26 Settembre 2011 admin

“Non ci sono target da colpire, ma persone con cui risuonare” [rif. Cap.5 Marketing non convenzionale – Cova, Giordano, Pallera]. Se la marca è costituita dall’insieme dei discorsi tenuti su di essa e dalla notorietà  delle persone coinvolte nella sua generazione, è bene che i brand comprendano la necessità  di mettere sul proiprio front end le persone che la rappresentino. Un anno fa pubblicavo questo post: un bell’esempio di come possa essere gestita la propria presenta su Facebook. L’imprenditore risponde direttamente e gestisce la presenza del suo brand sul più noto social network del momento.
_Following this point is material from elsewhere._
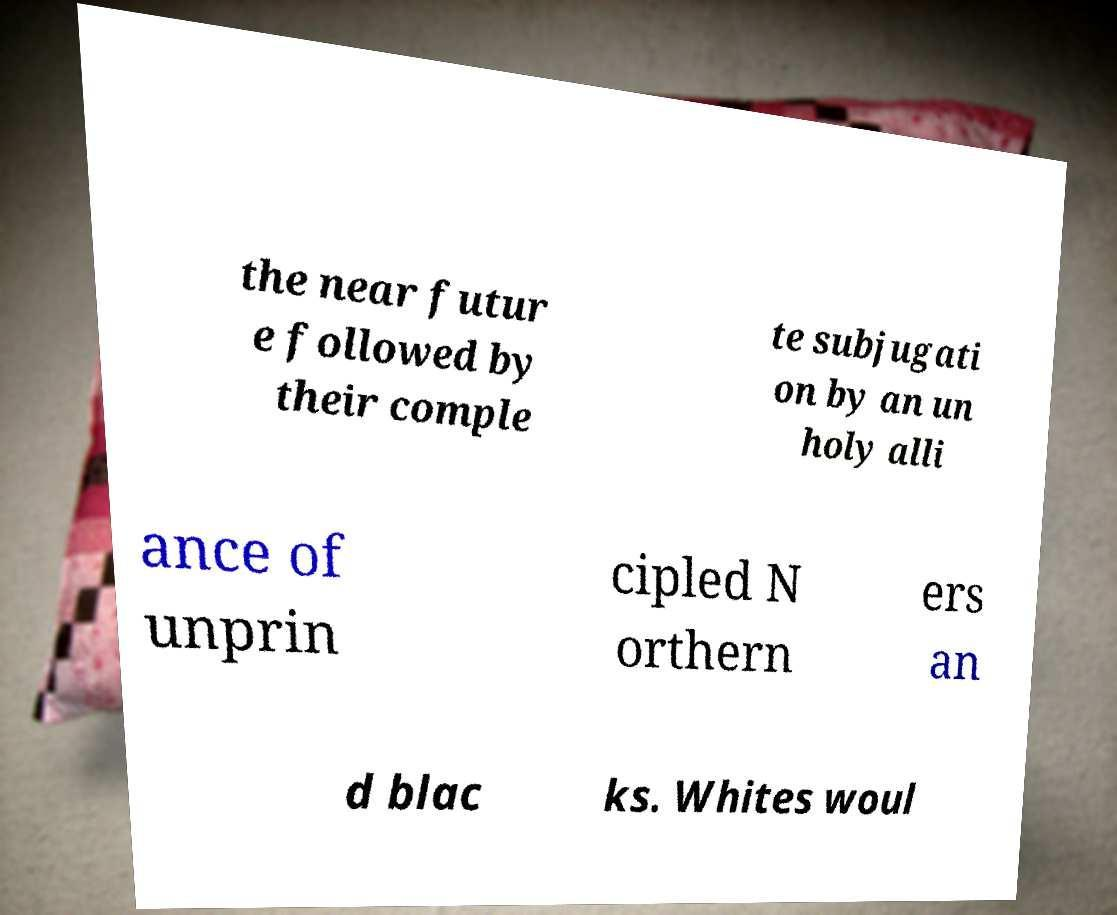There's text embedded in this image that I need extracted. Can you transcribe it verbatim? the near futur e followed by their comple te subjugati on by an un holy alli ance of unprin cipled N orthern ers an d blac ks. Whites woul

Dal primo luglio il servizio clienti di Banca San Paolo è su Facebook, e pare proprio che stia seguendo una precisa linea di condotta caratterizzata dalla “messa al bando” di strategie di landing e lead generation, e dal preciso intento di gestire solo ed esclusivamente la relazione semplicemente mantenendo le promesse. La più semplice delle strategie ma, al contempo, la più complessa per impegno, coerenza e tempi di reattività . Mi sono iscritto per vedere come le loro persone risponderanno alle domande poste. Da una veloce lettura noto come i tempi di risposta siano molto veloci, pertinenti e risolutivi: almeno questa è la mia impressione al momento. Mi piace mettere in parallelo un grande brand con un piccolo imprenditore e scoprire, infondo, che hanno la stessa vision: scartare il superfluo, togliere il più possibile per aggiungere significato. Un atto di coraggio per i brand, semplice coerenza per il piccolo imprenditore. Eppure quest’ultimo ci è arrivato con oltre un anno di anticipo e senza una struttura “colossale” alle spalle. Io la chiamo “sensibilità  di mercato”. Stay tuned!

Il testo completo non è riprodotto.